Information given Block Start

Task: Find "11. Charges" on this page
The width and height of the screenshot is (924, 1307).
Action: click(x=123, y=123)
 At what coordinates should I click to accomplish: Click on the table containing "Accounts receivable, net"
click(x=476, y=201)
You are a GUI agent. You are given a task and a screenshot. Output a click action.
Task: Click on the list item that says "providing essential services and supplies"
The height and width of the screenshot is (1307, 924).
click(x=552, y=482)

Information given Block End
Information given Block Start

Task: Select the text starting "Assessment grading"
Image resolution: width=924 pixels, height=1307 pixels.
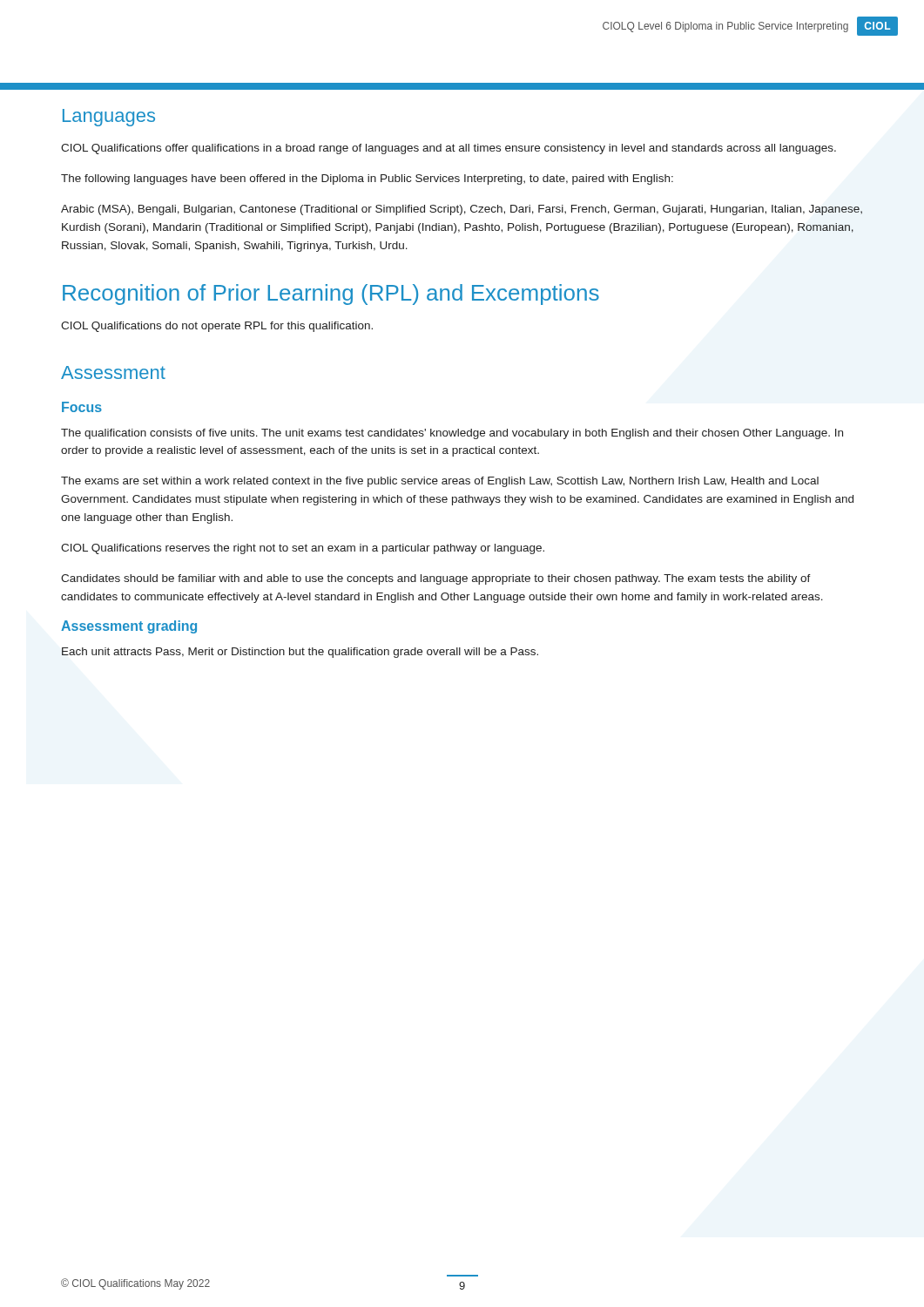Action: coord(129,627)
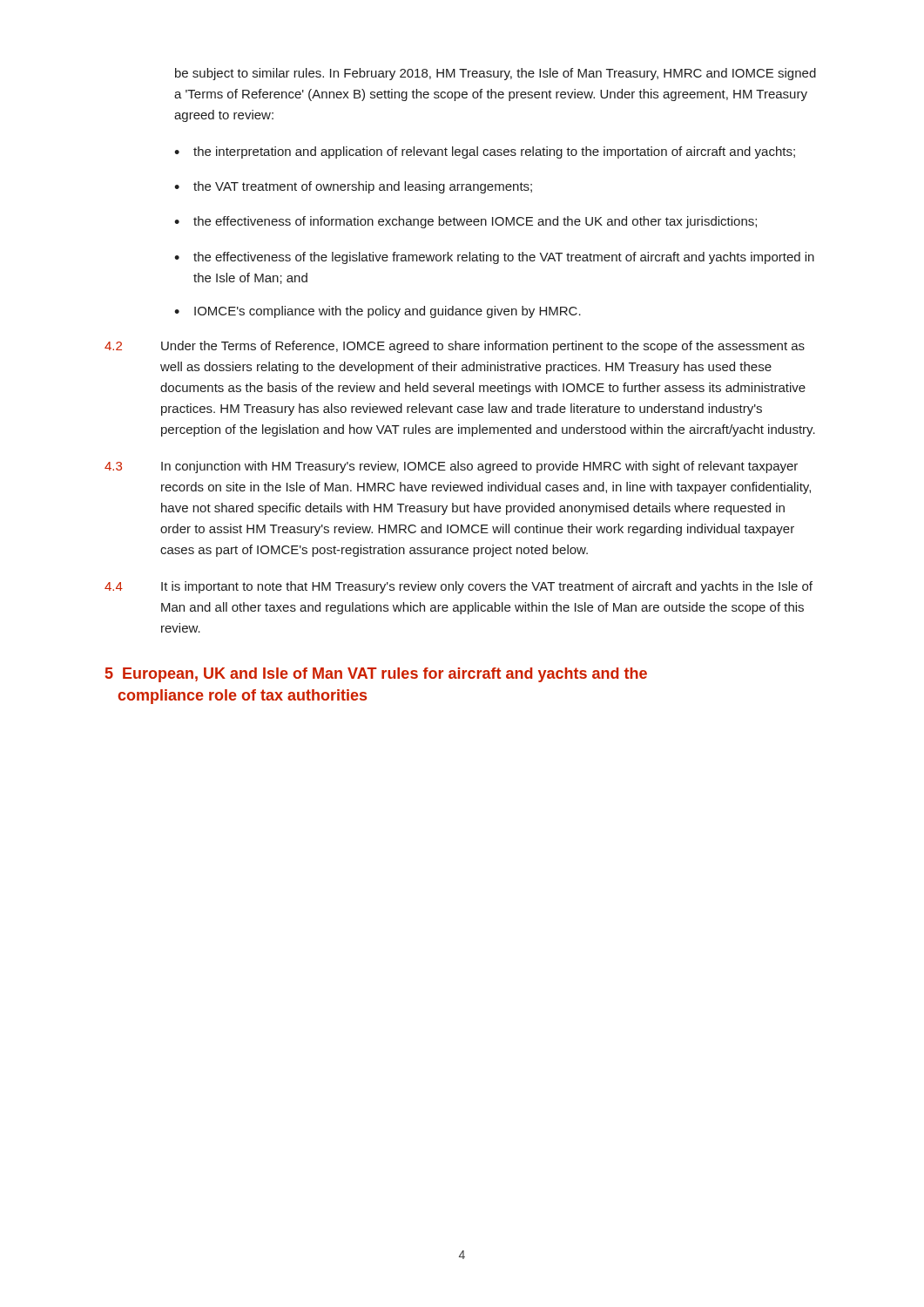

Information given Block End
Information given Block Start

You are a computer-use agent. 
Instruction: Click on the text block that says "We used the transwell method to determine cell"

Information given Block End

## Work request
Nothing but a number should be given: the count of lines above in which the word "that" occurs.

## Answer section
2